▶ EXERCISE DETAILS: Restate word for word each line from the one containing "2) eraser [572,324,639,396]" through the end of the material, and nothing more. Drop every picture.

▶ TASK INPUT:
※ ※ ※
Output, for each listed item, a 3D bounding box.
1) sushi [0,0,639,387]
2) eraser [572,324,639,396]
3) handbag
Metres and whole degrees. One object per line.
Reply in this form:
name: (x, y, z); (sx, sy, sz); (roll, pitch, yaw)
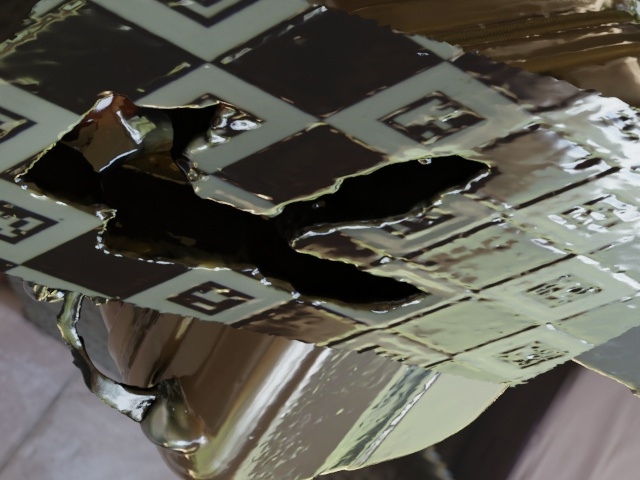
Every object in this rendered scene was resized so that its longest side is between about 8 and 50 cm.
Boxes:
sushi: (0.012, -0.023, 0.488); (0.280, 0.043, 0.192); (13, 150, -31)
eraser: (0.256, 0.073, 0.725); (0.352, 0.089, 0.061); (24, 59, -28)
handbag: (0.000, 0.000, 0.725); (0.283, 0.149, 0.302); (-8, 152, -32)
※ ※ ※
▶ REPLY:
2) eraser [572,324,639,396]
3) handbag
Metres and whole degrees. One object per line.
Reply in this form:
name: (x, y, z); (sx, sy, sz); (roll, pitch, yaw)
Every object in this rendered scene was resized so that its longest side is between about 8 and 50 cm.
Boxes:
sushi: (0.012, -0.023, 0.488); (0.280, 0.043, 0.192); (13, 150, -31)
eraser: (0.256, 0.073, 0.725); (0.352, 0.089, 0.061); (24, 59, -28)
handbag: (0.000, 0.000, 0.725); (0.283, 0.149, 0.302); (-8, 152, -32)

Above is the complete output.